About this task.
Each record should reappear exactly in your answer, minus any picture.
:: Available data ::
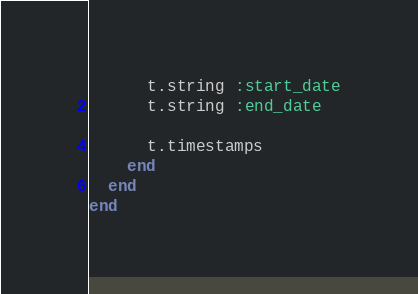Convert code to text. <code><loc_0><loc_0><loc_500><loc_500><_Ruby_>      t.string :start_date
      t.string :end_date

      t.timestamps
    end
  end
end
</code>
:::
Response to this task.
Convert code to text. <code><loc_0><loc_0><loc_500><loc_500><_Ruby_>      t.string :start_date
      t.string :end_date

      t.timestamps
    end
  end
end
</code>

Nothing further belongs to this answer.